His intimate and fellow-sculptor—a painter also—Adrien Charpentier, executed a characteristic portrait of Roubiliac. He is represented at work upon a small-size model of his Shakespeare. He is touching the eye of the figure with his modelling tool, and the task, one of some delicacy and difficulty, adds to the animation of the operator. His head, where it is not covered by the fanciful loose head-dress affected by poets and artists of the period, is bald: possibly shaven, for the convenience of wig-wearing, after the custom of the time. His dress is disordered, his bosom bare, his wristbands loose. Had Roubiliac carved his own statue in stone, it would probably, in treatment, have closely followed Charpentier's picture.
A portrait of Roubiliac, painted by himself, was sold for three-and-sixpence only at the sale of his effects. The prices, indeed, at this sale seem to have been desperately low. There were no antiquities or objects of virtù brought to the hammer: and Mr. Canto was not the auctioneer! A copy by Reynolds of the Chandos portrait of Shakespeare, with seven other pictures, was knocked down for ten shillings only, the father of John Flaxman being the purchaser. Reynolds had painted the picture as a present to his friend, Mr. Roubiliac. It afterwards became the property of Mr. Edmond Malone.
NOTES:
[4] 'The Clandestine Marriage.'
[5] 'Chantrey esteemed highly the works of Roubiliac; he admired his busts; and thought the statue of Newton at Cambridge of the best character of portrait sculpture. The simplicity of the figure, united with the apparent intelligence and thought in the countenance, he considered as quite satisfactory; and although he generally disliked the imitation of any particular material in drapery, he was reconciled to the college dress of the philosopher. From its perfect arrangement, the imitation is so complete that the person who shows the statue at Cambridge always informs the visitor that it only requires to be black to render it a deception.

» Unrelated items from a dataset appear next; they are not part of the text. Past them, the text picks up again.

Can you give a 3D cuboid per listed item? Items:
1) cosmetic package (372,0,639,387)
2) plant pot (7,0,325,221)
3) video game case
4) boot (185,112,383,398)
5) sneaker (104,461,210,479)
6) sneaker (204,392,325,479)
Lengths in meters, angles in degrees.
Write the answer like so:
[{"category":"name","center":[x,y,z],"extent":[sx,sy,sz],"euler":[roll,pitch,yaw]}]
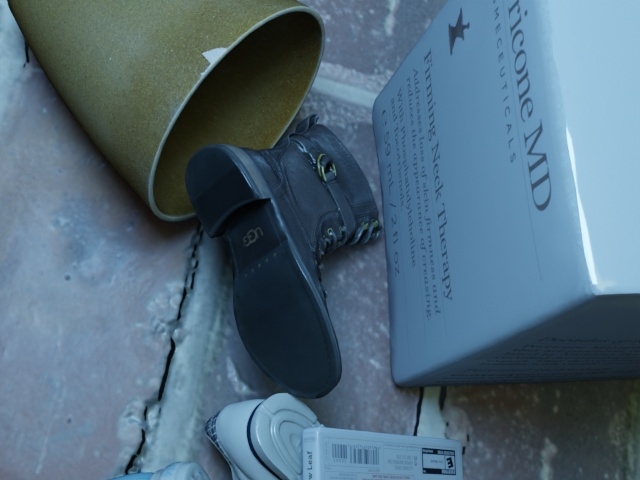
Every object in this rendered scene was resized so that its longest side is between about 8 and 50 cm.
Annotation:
[{"category":"cosmetic package","center":[0.267,-0.056,0.859],"extent":[0.327,0.394,0.329],"euler":[1,72,-15]},{"category":"plant pot","center":[-0.165,-0.189,0.887],"extent":[0.254,0.237,0.237],"euler":[40,67,14]},{"category":"video game case","center":[0.064,0.273,0.844],"extent":[0.212,0.023,0.193],"euler":[17,65,-44]},{"category":"boot","center":[0.000,0.000,0.889],"extent":[0.229,0.091,0.263],"euler":[-16,82,-58]},{"category":"sneaker","center":[-0.140,0.375,0.775],"extent":[0.150,0.135,0.366],"euler":[-11,80,12]},{"category":"sneaker","center":[-0.012,0.239,0.861],"extent":[0.235,0.095,0.090],"euler":[58,41,-13]}]
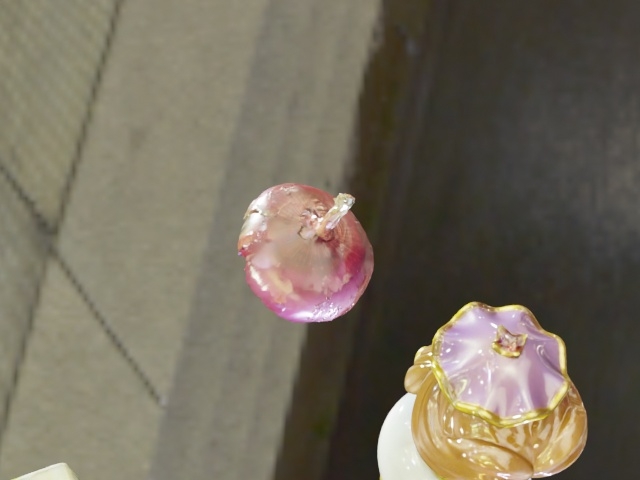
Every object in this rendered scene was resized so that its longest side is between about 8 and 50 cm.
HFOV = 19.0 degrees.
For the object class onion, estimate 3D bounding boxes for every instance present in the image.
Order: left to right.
[{"bbox_3d":[0.000,0.000,1.897,0.150,0.140,0.150,19,55,-29],"label":"onion"}]

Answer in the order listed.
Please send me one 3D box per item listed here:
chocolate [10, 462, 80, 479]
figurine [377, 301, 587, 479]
[{"bbox_3d":[-0.329,0.390,1.900,0.137,0.289,0.301,81,-13,-45],"label":"chocolate"},{"bbox_3d":[0.128,0.155,1.576,0.142,0.263,0.189,-19,70,-21],"label":"figurine"}]
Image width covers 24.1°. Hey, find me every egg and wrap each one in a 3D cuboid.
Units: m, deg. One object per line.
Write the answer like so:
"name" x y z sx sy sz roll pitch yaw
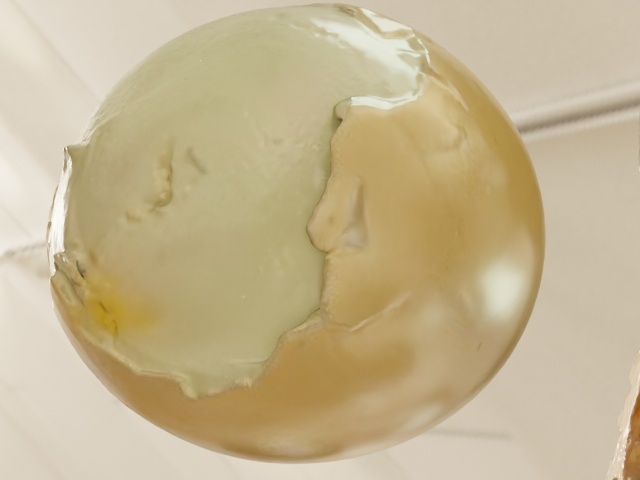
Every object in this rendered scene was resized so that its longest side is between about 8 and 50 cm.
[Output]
"egg" 0.000 0.000 0.664 0.201 0.201 0.244 29 5 37

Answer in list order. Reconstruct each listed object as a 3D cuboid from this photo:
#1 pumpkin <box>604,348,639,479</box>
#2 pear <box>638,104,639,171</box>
"pumpkin" 0.305 0.122 1.116 0.149 0.254 0.130 16 -3 11
"pear" 0.326 -0.110 0.910 0.287 0.287 0.375 38 -59 20
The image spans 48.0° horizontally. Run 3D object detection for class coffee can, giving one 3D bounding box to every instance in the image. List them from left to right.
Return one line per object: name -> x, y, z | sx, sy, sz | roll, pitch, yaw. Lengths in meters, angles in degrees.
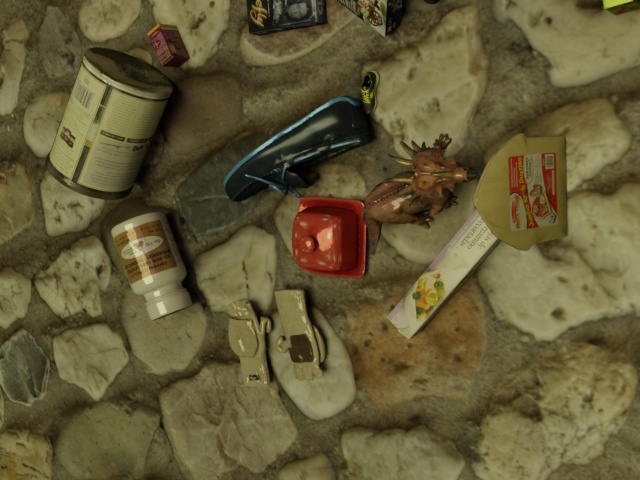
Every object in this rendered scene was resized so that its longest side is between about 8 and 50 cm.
coffee can -> -0.473, -0.259, 1.609 | 0.201, 0.201, 0.275 | 39, 116, 20

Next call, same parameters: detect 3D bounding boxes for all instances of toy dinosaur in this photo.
toy dinosaur -> 0.148, -0.083, 1.261 | 0.295, 0.200, 0.127 | -39, 78, 31

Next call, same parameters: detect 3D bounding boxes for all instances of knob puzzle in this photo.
knob puzzle -> 0.323, -0.078, 1.178 | 0.030, 0.213, 0.213 | 11, 107, 61

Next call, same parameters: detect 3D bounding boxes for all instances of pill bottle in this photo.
pill bottle -> -0.382, 0.060, 1.651 | 0.131, 0.131, 0.229 | -23, 87, 32

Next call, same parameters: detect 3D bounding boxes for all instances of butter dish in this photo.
butter dish -> 0.000, 0.000, 1.415 | 0.160, 0.118, 0.160 | 6, 103, 30

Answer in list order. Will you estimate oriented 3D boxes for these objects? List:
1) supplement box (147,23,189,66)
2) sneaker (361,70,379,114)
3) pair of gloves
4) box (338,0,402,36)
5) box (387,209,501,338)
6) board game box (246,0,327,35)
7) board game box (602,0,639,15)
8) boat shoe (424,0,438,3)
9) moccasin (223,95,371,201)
supplement box -> -0.334, -0.429, 1.581 | 0.043, 0.055, 0.083 | -27, 84, 33
sneaker -> 0.088, -0.280, 1.360 | 0.031, 0.035, 0.083 | 12, 105, 30
pair of gloves -> -0.097, 0.212, 1.558 | 0.240, 0.042, 0.204 | -16, 94, 34
box -> 0.072, -0.480, 1.237 | 0.044, 0.233, 0.159 | -43, 71, -14
box -> 0.243, 0.047, 1.306 | 0.063, 0.067, 0.324 | 44, 117, 16
board game box -> -0.074, -0.539, 1.409 | 0.165, 0.042, 0.244 | 0, 99, 31
board game box -> 0.443, -0.440, 1.081 | 0.043, 0.092, 0.182 | -9, 94, 33
boat shoe -> 0.252, -0.532, 1.163 | 0.113, 0.127, 0.340 | 51, 121, 12
moccasin -> -0.053, -0.152, 1.412 | 0.342, 0.137, 0.117 | -31, 87, 32
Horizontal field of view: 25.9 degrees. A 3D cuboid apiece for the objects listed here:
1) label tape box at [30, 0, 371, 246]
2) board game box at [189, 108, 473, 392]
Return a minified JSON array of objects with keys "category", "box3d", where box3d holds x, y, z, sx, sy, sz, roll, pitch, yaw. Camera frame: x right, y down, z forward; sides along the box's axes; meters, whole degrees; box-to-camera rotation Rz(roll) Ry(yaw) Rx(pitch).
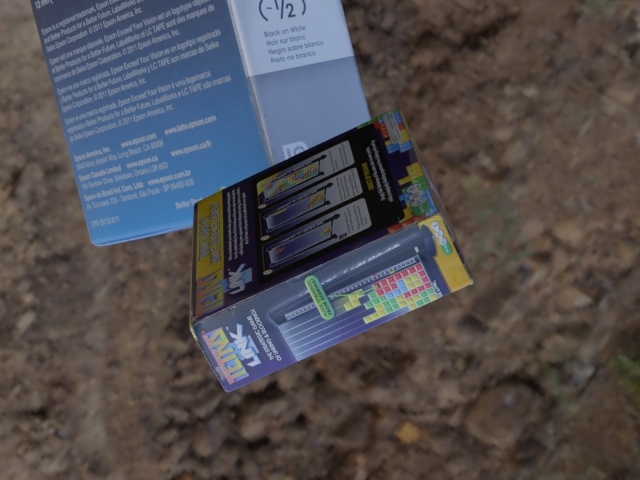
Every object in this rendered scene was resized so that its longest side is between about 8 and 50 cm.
[{"category":"label tape box","box3d":[-0.108,-0.185,1.035,0.115,0.347,0.249,-15,-177,-41]},{"category":"board game box","box3d":[0.000,0.000,0.773,0.141,0.048,0.170,-25,-157,7]}]
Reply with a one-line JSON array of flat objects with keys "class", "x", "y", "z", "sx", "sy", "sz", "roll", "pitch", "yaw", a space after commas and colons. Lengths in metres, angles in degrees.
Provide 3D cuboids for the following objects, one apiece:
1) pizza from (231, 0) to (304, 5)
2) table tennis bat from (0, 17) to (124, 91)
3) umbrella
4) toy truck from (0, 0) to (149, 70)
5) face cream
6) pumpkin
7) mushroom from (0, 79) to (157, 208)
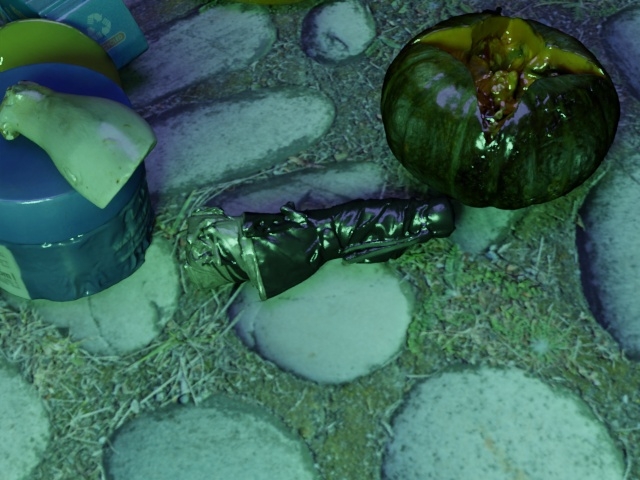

He was inclined to tolerate anything that displayed ingenuity without violating possibility, yet he could never endure such extraneous and uninteresting matter as the shot, the barrel of powder, and the bent chamber of a piece of artillery in the monument to Lord Shannon, in Walton Church, which, with much to commend in the two figures, has a profusion of objects, and a grey marble background, representing a tent, altogether unnecessary and derogatory to the purity of sculpture. Still Roubiliac was rich in thought and reason, for, in his monument in Westminster Abbey, where he has represented Death as a skeleton, he felt that the thin and meagre bones would be as offensive as impracticable; therefore judiciously involved the greater part of the emblem in a shroud or drapery, adding thereby to his allegory and aiding his art. However hostile this style may be to the simplicity of sculpture, the ability of the artist in the conception and execution deserves high praise. The beadle of Worcester Cathedral informed a friend of Chantrey's, that when the sculptor was in that city he always went to see the monument to Bishop Hurd by Roubiliac, and remained a long time in intent observation of the work, for he thought the artist's power over the material surprising, though he disliked polishing the marble.'-Recollections of Chantrey, by George Jones, R.A.
The cast taken by Roubiliac from the face of Newton is in the Hunterian Museum, Glasgow.